◆ Task prompt
From the first line of the data down to and including the line with "#1 pedestrian [929, 464, 936, 497]", copy everything exactly, leaving out pictures.

◆ Data records
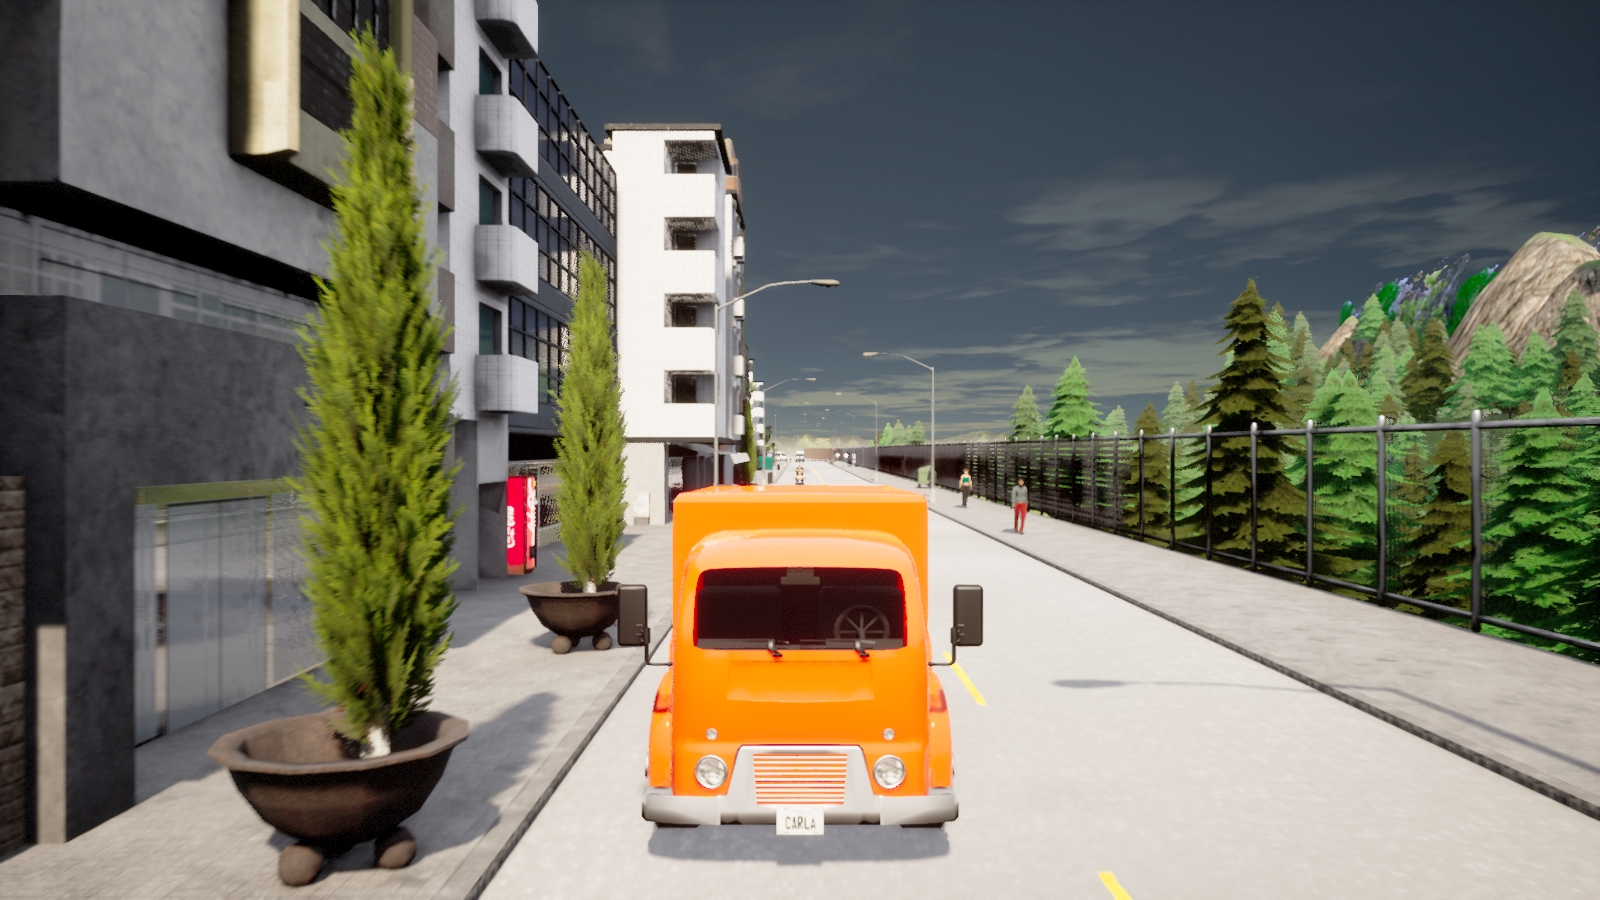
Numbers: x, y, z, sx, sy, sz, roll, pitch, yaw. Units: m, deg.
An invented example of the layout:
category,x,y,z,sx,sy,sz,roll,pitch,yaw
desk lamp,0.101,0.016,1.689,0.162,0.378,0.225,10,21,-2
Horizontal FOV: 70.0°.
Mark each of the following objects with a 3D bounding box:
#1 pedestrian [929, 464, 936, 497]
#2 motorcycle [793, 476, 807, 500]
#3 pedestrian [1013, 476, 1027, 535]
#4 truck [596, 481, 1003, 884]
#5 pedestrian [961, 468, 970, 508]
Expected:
category,x,y,z,sx,sy,sz,roll,pitch,yaw
pedestrian,7.612,1.754,65.807,0.375,1.860,0.375,0,0,1
motorcycle,-0.006,2.164,65.692,0.764,1.307,2.356,0,0,0
pedestrian,6.986,1.750,36.317,0.375,1.860,0.375,0,0,-2
truck,0.001,1.570,9.976,2.627,2.467,5.204,0,0,0
pedestrian,7.623,1.753,52.716,0.375,1.860,0.375,0,0,0

◆ Solution for this task
Numbers: x, y, z, sx, sy, sz, roll, pitch, yaw. Units: m, deg.
An invented example of the layout:
category,x,y,z,sx,sy,sz,roll,pitch,yaw
desk lamp,0.101,0.016,1.689,0.162,0.378,0.225,10,21,-2
Horizontal FOV: 70.0°.
Mark each of the following objects with a 3D bounding box:
#1 pedestrian [929, 464, 936, 497]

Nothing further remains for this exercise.